What kind of story is Justin Bieber trying to tell? There’s something very 19th century about him; for all his synthesised backing tracks he seems to have stepped right out of the dawning of modernity. His pseudo-hedonism isn’t a product of teenage rebellion and surging narcissism but a total and all-encompassing boredom. At the age of nineteen he’s been a global phenomenon for six years; he knows how little this world has to offer him. He’s a tubercular nihilist, a hero of Charles Baudelaire or Ivan Turgenev. Like Bazarov in Fathers and Sons he seems weary of his own pleasures: the blood circulates, the brain works and even desires something as well… What sheer ugliness! What sheer nonsense! The narrative he’s so  diligently crafting has as its purpose the aestheticisation of his omnicidal ennui. Justin Bieber has a hunger, but it’s not a hunger for life; rather the hunger of a life beyond its bounds. He’s the first pop star to stand on the summit of his fame and bellow: I want less! There is too much of everything, complains Chremylos in Aristophanes’ Plutus. Justin Bieber will set this right. What he wants isn’t more fame or more money or more fun: pointless, boring trifles for lesser men. He wants beauty, which is the most dangerous thing of all.

The story goes that Minos, king of Crete, faced a challenge to his rule, and asked the god Poseidon for a sign of his favour. In response, Poseidon sent a beautiful white bull out of the waves, such an exemplar of bovine perfection that the ancient writers often spend most of their account rhapsodising about its gloriousness.
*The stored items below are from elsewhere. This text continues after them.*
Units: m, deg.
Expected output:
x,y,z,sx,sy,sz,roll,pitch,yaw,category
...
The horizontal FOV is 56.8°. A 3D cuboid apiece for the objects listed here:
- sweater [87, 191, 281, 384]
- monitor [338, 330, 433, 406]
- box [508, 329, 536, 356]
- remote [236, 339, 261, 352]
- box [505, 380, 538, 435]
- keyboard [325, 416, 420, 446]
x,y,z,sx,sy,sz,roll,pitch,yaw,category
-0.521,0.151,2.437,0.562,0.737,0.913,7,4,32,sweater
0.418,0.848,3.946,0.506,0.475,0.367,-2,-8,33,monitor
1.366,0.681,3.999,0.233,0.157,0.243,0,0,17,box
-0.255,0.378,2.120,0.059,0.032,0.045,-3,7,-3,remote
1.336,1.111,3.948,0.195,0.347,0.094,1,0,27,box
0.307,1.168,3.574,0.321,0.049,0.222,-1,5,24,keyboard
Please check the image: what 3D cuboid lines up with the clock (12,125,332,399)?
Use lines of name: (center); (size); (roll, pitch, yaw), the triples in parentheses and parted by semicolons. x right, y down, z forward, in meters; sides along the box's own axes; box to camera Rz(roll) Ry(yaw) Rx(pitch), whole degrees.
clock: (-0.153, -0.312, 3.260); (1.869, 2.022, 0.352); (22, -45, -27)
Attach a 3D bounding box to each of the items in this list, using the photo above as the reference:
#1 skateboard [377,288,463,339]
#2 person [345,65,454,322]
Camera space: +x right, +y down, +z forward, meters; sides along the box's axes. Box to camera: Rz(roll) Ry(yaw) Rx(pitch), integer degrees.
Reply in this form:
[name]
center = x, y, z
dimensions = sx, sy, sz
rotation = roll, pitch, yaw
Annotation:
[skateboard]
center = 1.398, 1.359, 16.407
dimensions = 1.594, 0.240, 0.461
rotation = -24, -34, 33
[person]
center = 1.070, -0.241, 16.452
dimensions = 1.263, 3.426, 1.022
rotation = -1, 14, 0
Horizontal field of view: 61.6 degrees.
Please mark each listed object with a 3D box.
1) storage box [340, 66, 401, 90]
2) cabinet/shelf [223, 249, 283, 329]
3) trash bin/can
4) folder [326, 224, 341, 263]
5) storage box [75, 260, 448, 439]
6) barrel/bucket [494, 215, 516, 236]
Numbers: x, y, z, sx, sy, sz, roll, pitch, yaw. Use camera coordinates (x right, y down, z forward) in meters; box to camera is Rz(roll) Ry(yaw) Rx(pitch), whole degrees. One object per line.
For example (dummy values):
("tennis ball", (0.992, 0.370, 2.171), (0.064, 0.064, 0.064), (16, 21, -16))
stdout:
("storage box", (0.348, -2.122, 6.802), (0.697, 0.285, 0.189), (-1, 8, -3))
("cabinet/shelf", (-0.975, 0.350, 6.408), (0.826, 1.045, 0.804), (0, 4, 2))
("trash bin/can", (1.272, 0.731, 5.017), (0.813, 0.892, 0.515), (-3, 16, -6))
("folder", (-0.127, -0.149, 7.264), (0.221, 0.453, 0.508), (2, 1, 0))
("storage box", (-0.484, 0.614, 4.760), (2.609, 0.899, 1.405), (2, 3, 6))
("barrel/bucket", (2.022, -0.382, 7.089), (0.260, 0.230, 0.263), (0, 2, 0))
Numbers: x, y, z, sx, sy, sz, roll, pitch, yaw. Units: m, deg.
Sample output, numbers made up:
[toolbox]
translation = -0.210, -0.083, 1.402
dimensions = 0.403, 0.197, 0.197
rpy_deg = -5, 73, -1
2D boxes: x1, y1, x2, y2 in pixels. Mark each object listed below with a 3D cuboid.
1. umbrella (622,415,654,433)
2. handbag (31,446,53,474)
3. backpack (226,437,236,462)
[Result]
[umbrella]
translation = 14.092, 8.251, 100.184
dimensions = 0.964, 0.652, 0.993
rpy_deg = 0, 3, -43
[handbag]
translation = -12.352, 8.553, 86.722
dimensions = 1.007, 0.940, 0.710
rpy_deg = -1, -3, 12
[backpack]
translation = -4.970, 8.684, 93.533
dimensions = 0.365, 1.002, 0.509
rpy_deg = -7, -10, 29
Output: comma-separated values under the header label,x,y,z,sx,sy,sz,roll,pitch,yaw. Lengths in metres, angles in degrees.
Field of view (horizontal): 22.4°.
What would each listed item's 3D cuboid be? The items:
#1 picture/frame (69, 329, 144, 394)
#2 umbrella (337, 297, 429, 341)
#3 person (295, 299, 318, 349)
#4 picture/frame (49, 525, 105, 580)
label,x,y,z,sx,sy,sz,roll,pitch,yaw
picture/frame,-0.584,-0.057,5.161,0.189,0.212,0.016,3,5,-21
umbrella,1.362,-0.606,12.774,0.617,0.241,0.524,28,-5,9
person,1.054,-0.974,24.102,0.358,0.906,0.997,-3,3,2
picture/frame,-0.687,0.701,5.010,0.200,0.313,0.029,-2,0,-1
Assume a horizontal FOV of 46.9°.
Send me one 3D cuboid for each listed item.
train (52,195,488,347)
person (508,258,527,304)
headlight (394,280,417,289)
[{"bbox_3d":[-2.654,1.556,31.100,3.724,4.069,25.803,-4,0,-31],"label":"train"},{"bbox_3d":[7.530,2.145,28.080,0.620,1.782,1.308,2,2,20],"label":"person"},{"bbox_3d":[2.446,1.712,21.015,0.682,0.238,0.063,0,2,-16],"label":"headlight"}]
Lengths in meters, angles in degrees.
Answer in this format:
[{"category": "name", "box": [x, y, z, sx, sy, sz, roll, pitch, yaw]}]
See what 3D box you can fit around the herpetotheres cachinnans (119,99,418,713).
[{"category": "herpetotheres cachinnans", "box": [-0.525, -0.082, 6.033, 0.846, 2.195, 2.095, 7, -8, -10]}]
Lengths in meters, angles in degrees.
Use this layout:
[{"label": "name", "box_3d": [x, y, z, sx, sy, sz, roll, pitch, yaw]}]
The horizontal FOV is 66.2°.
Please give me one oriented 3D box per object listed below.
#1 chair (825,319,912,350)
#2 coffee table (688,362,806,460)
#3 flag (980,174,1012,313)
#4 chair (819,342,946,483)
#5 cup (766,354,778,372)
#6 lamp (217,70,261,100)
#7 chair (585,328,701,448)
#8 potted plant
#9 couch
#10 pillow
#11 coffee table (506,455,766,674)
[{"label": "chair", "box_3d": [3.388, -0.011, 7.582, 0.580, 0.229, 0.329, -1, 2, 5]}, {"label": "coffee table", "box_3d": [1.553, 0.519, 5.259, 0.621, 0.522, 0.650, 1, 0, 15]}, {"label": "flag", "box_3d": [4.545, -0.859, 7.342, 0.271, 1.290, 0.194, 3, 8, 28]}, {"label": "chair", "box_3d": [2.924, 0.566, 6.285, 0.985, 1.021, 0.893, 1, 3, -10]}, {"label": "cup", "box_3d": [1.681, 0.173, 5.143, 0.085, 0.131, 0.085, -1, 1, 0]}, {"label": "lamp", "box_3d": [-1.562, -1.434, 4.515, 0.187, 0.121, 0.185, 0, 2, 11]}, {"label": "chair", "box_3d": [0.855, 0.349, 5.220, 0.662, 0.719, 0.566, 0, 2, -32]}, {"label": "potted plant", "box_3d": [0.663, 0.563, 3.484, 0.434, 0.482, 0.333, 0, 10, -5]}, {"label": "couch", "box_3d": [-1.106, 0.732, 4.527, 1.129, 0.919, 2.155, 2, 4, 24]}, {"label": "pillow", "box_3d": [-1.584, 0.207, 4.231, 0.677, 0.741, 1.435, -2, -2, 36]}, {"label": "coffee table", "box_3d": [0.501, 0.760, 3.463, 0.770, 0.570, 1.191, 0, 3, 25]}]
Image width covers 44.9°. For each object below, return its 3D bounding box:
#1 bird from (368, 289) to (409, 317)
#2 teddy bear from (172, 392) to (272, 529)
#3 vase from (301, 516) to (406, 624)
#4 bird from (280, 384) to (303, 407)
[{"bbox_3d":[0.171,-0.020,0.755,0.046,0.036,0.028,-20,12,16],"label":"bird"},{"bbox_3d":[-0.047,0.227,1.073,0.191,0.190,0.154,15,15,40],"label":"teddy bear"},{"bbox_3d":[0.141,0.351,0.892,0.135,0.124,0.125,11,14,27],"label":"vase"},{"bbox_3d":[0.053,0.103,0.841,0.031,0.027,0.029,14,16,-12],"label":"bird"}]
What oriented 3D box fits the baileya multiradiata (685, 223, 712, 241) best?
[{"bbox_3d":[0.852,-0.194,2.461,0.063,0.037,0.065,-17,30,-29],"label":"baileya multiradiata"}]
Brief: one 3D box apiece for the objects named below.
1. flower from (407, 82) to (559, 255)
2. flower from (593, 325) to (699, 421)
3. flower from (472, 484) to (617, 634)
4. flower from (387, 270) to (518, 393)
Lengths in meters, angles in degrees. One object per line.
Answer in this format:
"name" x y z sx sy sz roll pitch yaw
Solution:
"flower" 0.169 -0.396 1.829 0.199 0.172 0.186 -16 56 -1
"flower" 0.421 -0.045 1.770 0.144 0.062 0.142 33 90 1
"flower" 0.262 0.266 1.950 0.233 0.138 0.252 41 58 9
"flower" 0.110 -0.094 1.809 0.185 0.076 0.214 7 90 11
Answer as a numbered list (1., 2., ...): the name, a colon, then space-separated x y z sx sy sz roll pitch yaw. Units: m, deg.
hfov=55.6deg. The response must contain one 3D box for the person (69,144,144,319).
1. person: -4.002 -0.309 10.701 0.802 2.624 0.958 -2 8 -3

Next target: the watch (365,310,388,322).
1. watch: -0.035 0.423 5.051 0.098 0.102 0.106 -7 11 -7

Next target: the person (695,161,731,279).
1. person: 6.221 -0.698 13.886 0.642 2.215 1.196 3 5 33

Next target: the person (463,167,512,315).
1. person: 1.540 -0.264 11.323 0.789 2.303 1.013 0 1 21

The proper thing would have been for Minos to have slaughtered the bull at once and carbonise its body in tribute to the god that gifted it to him. Instead he decided to keep it. Poseidon had his revenge: he had the king’s wife Pasiphae become so entranced by the beast that she actually fucked it; the result was the legendary Minotaur of Knossos. The moral of the story is clear: the true beauty of things lies in their destruction. Let them carry on for too long, and they’ll create monsters. I don’t know if Justin Bieber ever heard the story of King Minos, but he certainly seems to understand it.

Justin Bieber is, of course, a fascist. Like Yukio Mishima, he wants to turn his death into a work of art; unlike Mishima he has no Emperor to be his unwitting patron. All he has is himself, and his fans, and his boredom – his is a pure fascism, unattached to any political project. This is why I can’t help but admire him: he’s refined radical Evil into something weightless and infinitely potent. Fifty million people follow Justin Bieber on Twitter, a number that dwarfs the combined force of every military on the planet. This is the way the world ends: not with a bang or a whimper, but with a swaggering bassline that cracks the bedrock of the continents and a billowing autotuned vocal track that sends them plunging into the fires at the centre of the world.